Start of Block

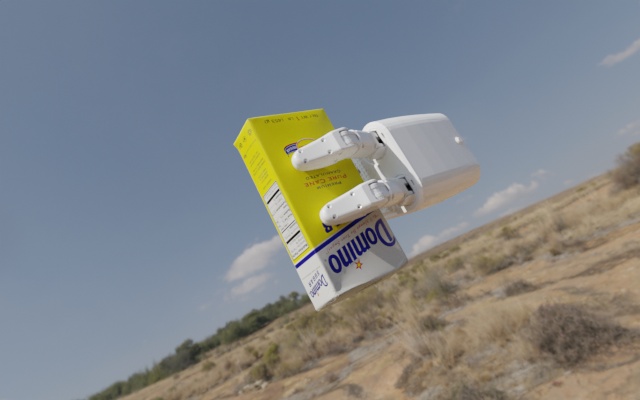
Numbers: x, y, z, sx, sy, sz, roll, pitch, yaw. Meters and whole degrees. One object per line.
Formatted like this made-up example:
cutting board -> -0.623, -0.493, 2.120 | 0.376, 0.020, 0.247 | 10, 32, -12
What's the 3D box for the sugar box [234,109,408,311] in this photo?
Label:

End of Block
Start of Block

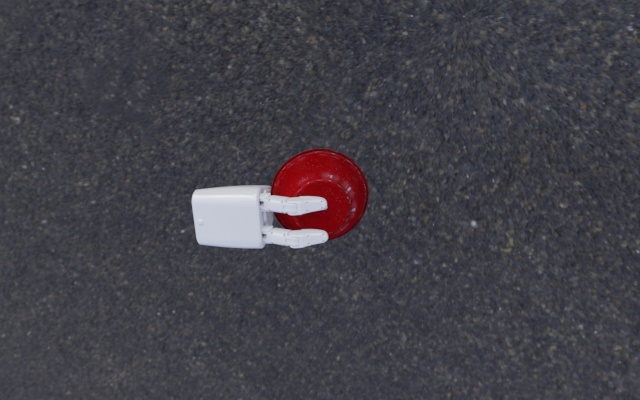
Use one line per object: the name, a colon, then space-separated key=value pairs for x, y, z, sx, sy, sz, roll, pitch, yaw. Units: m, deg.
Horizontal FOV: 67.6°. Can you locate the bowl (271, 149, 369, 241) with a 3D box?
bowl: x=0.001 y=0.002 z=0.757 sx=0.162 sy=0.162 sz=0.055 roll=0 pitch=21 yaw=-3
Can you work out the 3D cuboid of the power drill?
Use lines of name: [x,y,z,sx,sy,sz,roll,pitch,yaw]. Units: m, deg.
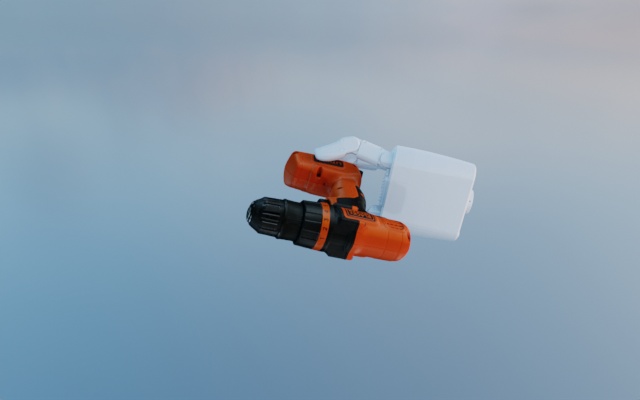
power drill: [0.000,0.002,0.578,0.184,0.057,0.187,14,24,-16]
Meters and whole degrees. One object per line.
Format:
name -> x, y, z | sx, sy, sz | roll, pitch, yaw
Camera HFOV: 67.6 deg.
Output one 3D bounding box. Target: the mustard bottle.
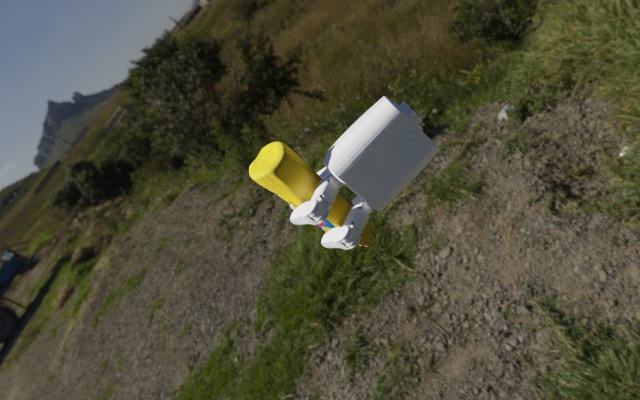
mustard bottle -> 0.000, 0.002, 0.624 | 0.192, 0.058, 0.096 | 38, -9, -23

End of Block

**Required action:**
Show every line from the entries above in which the word "object" appears.

**Written reply:**
Numbers: x, y, z, sx, sy, sz, roll, pitch, yaw. Meters and whole degrees. One object per line.
Use one line per object: the name, a colon, then space-separated key=value pairs for x, y, z, sx, sy, sz, roll, pitch, yaw. Units: m, deg.
Meters and whole degrees. One object per line.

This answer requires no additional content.